易木神谷户 2024-09-04 14:12:56

终于,在胆战心惊中走出芦苇荡,面前有一条东西走向的土公路。在路北围墙中有十多幢平房。看上去不像是民宅,与我们农场的宿舍差不多。走近一看,这是县里办的五七干校。

上前问门卫。正在值班是一位壮汉,他倒是问了我从哪儿来,到哪里去。我一一回答后,他表示很惊讶我的胆量,说是在初夏能穿过这八里大洼的人,是头一次见过。前些日子,有河西的社员来这芦苇荡里摸鱼虾,被毒蛇咬了,来不及救治死了。被壮汉这么一说,我后怕起来,全身都起:鸡皮疙瘩。

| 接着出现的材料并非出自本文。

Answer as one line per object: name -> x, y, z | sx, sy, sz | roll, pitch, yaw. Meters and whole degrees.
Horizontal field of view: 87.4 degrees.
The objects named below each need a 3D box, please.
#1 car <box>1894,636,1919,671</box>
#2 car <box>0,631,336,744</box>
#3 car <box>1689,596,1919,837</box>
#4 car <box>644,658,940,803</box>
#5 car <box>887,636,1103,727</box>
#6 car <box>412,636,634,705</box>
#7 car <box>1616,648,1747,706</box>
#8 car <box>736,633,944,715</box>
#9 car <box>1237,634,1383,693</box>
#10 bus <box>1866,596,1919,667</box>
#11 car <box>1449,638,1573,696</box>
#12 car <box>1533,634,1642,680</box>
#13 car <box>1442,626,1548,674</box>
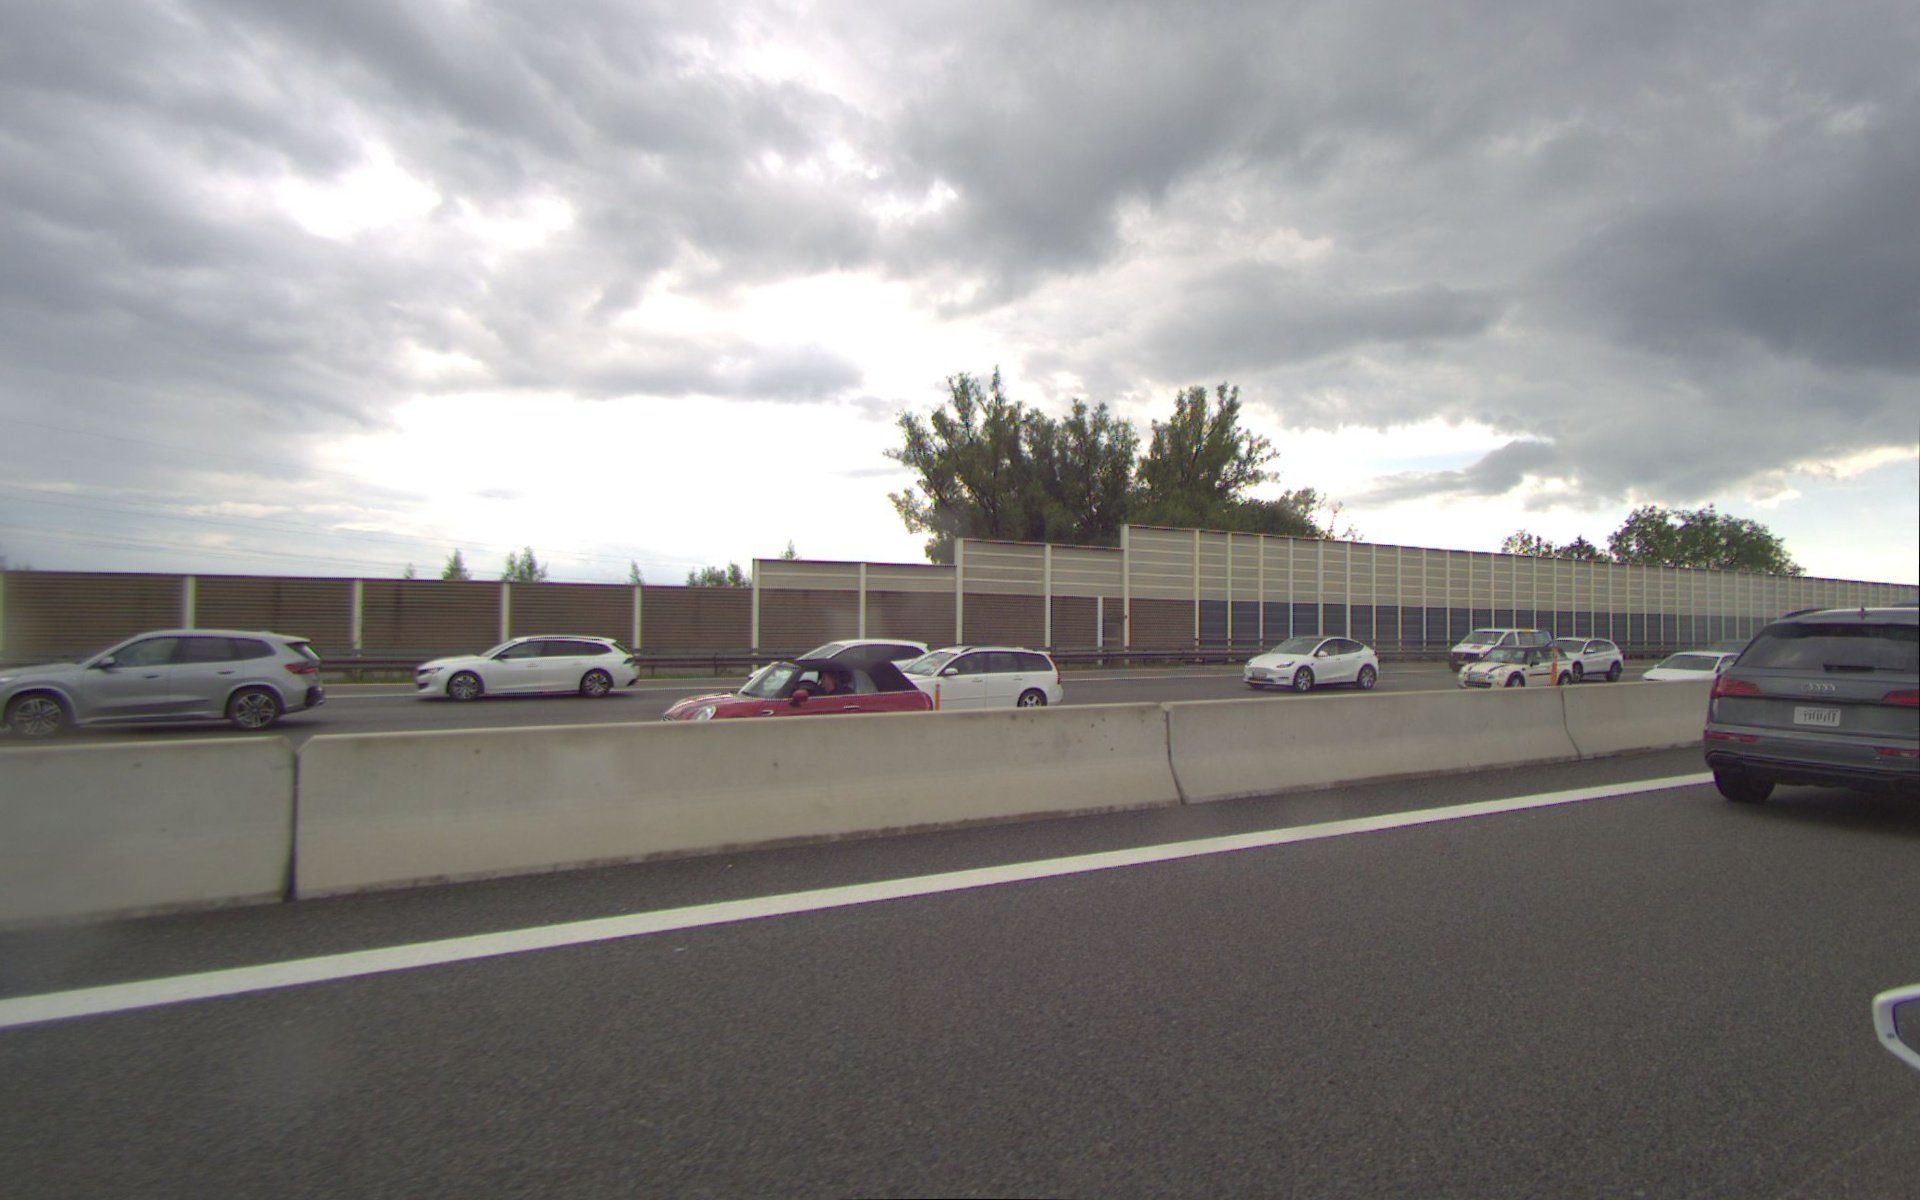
car -> 45.460, 2.467, 46.598 | 4.867, 1.546, 1.740 | 1, -1, -30
car -> -12.977, 1.339, 16.569 | 4.473, 1.652, 1.813 | 1, -1, -31
car -> 8.796, 0.871, 8.911 | 5.107, 1.713, 1.899 | 1, -1, -30
car -> -2.299, 1.683, 13.902 | 3.703, 1.652, 1.740 | 1, -1, -30
car -> 0.750, 1.566, 20.393 | 4.118, 1.652, 1.739 | 1, -1, -31
car -> -10.079, 1.565, 23.261 | 4.522, 1.419, 1.854 | 1, -1, -32
car -> 19.521, 2.032, 27.161 | 3.532, 1.412, 1.565 | 1, -1, -30
car -> -2.659, 1.587, 22.603 | 4.342, 1.652, 1.739 | 1, -1, -31
car -> 10.676, 1.877, 30.554 | 4.593, 1.652, 1.738 | 1, -1, -32
bus -> 56.235, 1.815, 57.432 | 11.738, 3.808, 3.078 | 1, -1, -30
car -> 16.435, 1.954, 29.956 | 3.575, 1.601, 1.613 | 1, -1, -30
car -> 23.641, 2.101, 37.817 | 4.127, 1.632, 1.740 | 1, -1, -30
car -> 22.511, 2.046, 42.199 | 4.727, 1.918, 1.739 | 1, -1, -31

壮汉问我去哪里。我说去曹镇,他又很吃惊。说这里离镇上有十多里,没有路可走的。我说有人告诉我,曾经徒步去过,他说不知道。并告诉我,从这儿朝西走,到新堡河边,有一摆渡口,可到了那儿去问问。

此时,天已大亮。可能是黄梅季节到了吧。大片大片的乌云从天上驰过。一会儿初升的阳光照亮大地。一会儿又是乌云阵阵,飘起了细雨来。我出来匆忙,没带伞。在这半荒芜之地。短袖衬衫被淋得通湿。我想起了那曹镇九点的公交车。而没有条件买手表。也不知现在是几点了,心里有点发急。又是一溜小跑。

到了河边,翻过长满树木的堤岸。到水边一看,正如五七干校的壮汉所说的是一个摆渡口,不过这摆渡船停在对面。我用手围成喇叭状,用半生不熟的当地话喊“过河了”

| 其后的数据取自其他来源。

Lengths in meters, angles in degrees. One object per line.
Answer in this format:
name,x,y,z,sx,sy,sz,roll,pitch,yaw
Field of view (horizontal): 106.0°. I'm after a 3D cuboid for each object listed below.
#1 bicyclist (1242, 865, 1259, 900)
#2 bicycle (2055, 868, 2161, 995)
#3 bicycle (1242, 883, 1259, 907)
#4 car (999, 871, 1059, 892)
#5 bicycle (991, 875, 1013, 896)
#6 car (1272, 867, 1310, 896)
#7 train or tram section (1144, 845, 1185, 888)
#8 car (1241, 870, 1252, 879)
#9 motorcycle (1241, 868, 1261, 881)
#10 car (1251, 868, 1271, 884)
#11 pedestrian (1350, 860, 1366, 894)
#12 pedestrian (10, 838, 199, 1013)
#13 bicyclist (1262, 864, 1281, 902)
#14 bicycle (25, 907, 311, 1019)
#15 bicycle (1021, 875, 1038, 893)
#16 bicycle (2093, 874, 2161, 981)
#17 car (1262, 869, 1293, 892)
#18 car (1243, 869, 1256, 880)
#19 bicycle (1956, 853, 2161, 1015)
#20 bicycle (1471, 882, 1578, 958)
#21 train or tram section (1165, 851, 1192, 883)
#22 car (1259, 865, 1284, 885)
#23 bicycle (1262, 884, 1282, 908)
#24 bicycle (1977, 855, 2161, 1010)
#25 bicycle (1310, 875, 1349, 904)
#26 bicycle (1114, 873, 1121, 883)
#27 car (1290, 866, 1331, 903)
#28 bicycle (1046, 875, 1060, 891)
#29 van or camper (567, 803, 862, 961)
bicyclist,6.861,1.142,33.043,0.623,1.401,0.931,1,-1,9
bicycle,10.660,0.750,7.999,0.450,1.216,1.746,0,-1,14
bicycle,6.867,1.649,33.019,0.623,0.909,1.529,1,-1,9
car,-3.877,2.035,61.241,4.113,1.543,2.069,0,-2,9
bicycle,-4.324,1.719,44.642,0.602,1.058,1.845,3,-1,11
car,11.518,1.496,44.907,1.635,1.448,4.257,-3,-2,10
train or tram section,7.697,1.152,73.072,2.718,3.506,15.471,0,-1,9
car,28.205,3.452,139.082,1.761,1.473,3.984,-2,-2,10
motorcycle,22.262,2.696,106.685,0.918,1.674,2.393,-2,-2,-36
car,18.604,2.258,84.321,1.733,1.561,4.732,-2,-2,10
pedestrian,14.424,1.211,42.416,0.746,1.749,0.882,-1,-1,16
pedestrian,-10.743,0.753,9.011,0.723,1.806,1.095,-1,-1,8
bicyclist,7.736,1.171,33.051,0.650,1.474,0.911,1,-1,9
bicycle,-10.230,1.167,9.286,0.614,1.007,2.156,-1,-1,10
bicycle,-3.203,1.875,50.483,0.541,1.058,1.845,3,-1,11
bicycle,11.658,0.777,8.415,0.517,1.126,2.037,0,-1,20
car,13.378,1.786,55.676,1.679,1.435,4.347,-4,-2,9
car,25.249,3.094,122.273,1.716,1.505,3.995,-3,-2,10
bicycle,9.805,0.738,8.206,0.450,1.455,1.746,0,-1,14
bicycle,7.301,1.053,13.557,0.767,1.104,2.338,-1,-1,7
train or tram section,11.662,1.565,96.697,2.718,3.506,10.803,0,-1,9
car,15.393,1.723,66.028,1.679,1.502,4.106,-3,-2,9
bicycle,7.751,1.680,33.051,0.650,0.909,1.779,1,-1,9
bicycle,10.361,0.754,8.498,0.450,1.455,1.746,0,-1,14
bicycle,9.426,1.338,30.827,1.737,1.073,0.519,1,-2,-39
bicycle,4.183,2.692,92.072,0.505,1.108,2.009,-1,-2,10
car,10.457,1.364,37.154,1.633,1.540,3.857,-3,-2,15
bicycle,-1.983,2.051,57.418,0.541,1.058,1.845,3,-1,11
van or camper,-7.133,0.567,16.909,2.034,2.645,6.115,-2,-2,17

见没人应。又喊“有人吗?”这喊声,在宽阔的河面上回荡,发出阵阵回响。

又过了一会儿。从对面河岸上下来一位老汉,见我频频向他招手,慢腾腾地摇橹过了河。还没有到岸,我一步跳上了渡船。老汉问“过河吗?”我回答是。老汉说这摆渡是要收费的。

原来,这摆渡船是河西生产队的,因为在河东有队里的茅草地。故本生产队到对岸干活,坐船是免费的,其他路人摆渡过河要付费。每人单趟五分钱。

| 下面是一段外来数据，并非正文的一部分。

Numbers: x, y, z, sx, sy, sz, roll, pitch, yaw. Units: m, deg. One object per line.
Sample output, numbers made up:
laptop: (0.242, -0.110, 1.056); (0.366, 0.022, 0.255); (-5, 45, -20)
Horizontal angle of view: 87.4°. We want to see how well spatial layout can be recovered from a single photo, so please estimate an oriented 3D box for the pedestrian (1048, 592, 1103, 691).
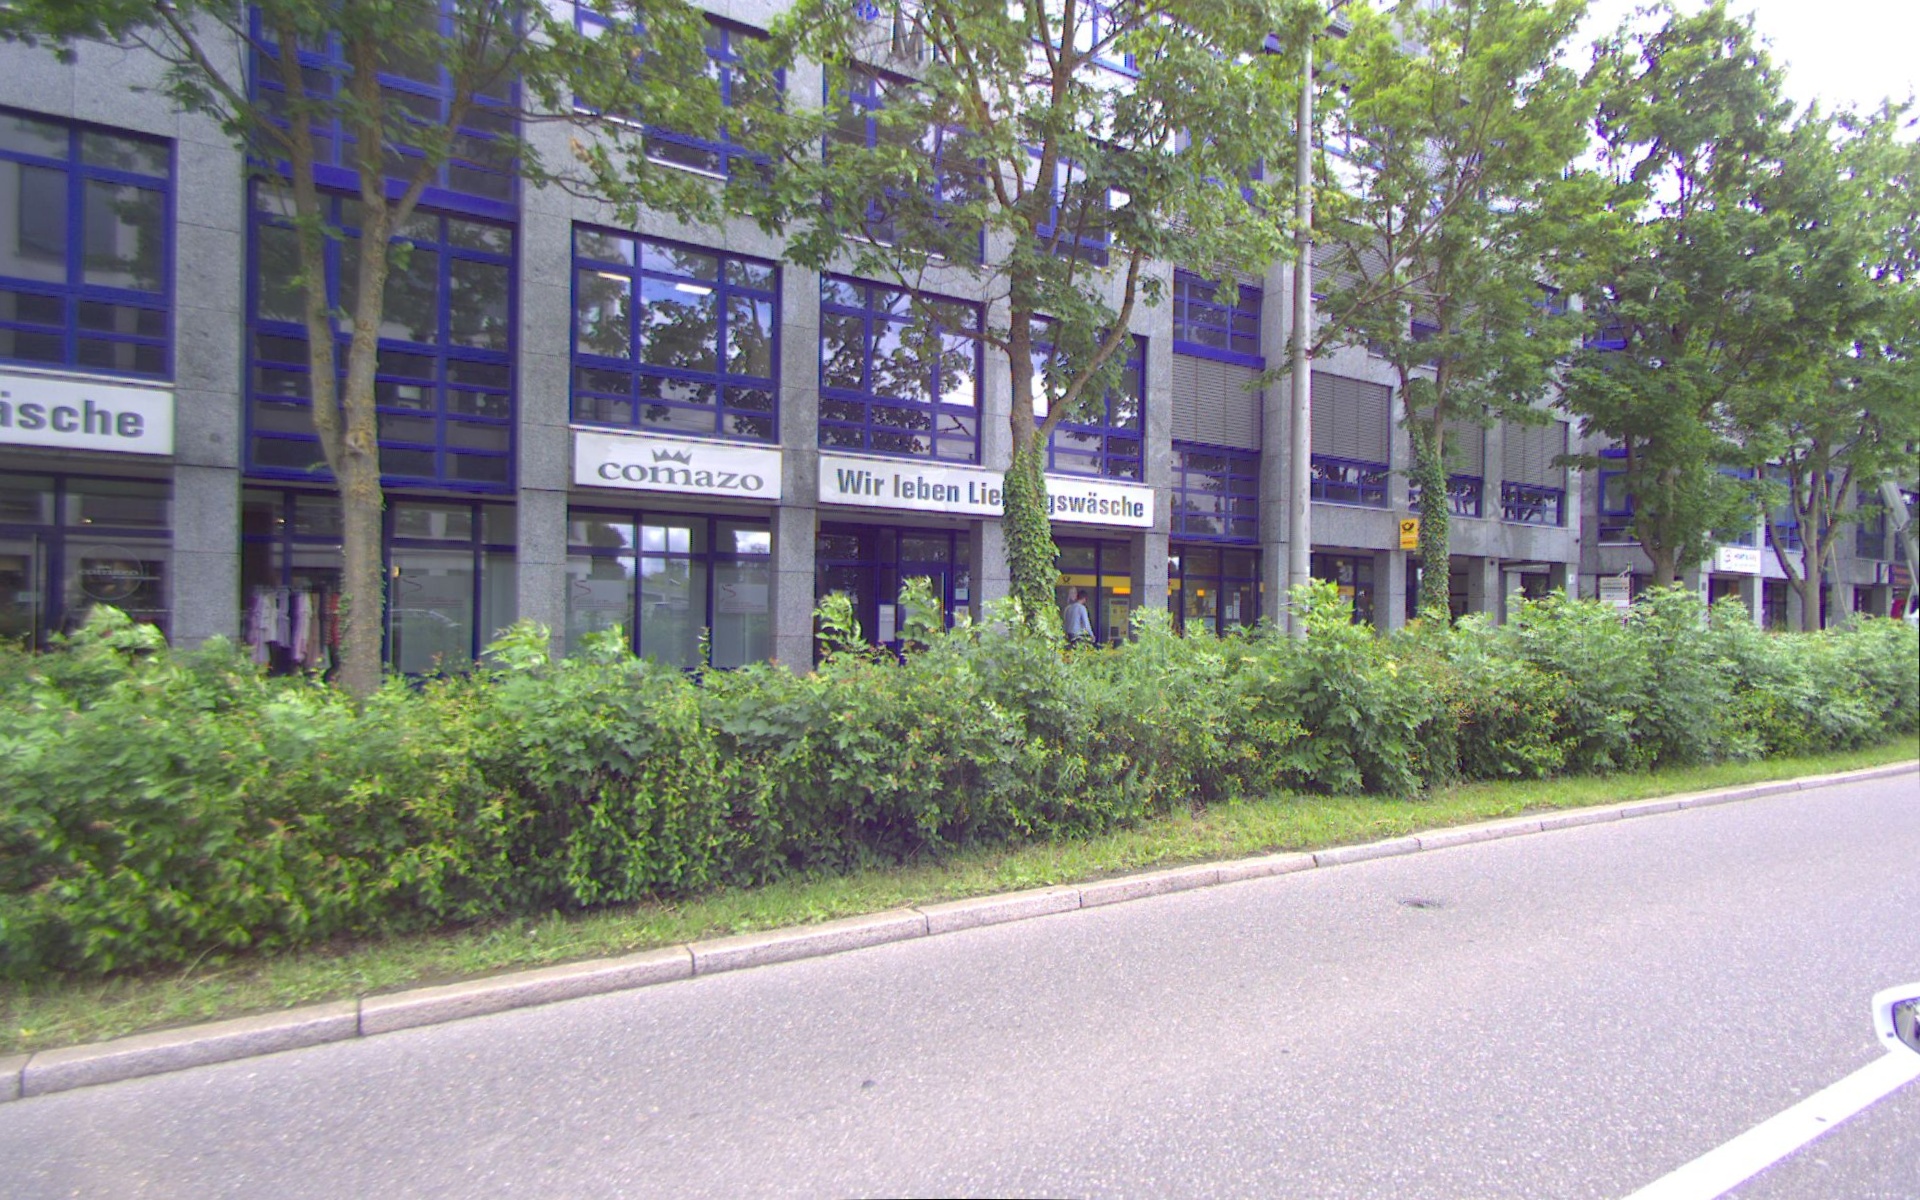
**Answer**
pedestrian: (2.291, 0.809, 19.979); (0.723, 1.919, 0.771); (2, 0, -30)

我从书包里掏钱,却是找不到五分的零钱。便掏出一张壹毛的纸币。大方地说“给你一角,不用再找了。”

老汉见我出手大方,便热情起来。他告诉我,来这儿摆渡过河的人,除了本队的人,外人来摆渡的人很少。已经几天没收到钱了。

我见机便问了他去曹镇的路线。他说去镇上是可以的。但没有直接的路。需要在农舍与田野中穿梭而过,像我要去,则比较难。

这下,我犯愁起来。这路怎么走,心里没有底。就如骑虎难下了。

老汉见我很迷茫的眼神,说看在我是很诚实的人,就教了我怎么不迷路。从河岸上去,到镇上要经过五个生产队。你到一个生产队,就问下一个生产队怎么走。然后走到下一个生产队的队部,生产队部的晒场上都竖有上下工的旗杆,很远就能看到。

老汉不愧是经验丰富的农家人。有这么独特认路的方法,真让我受益匪浅。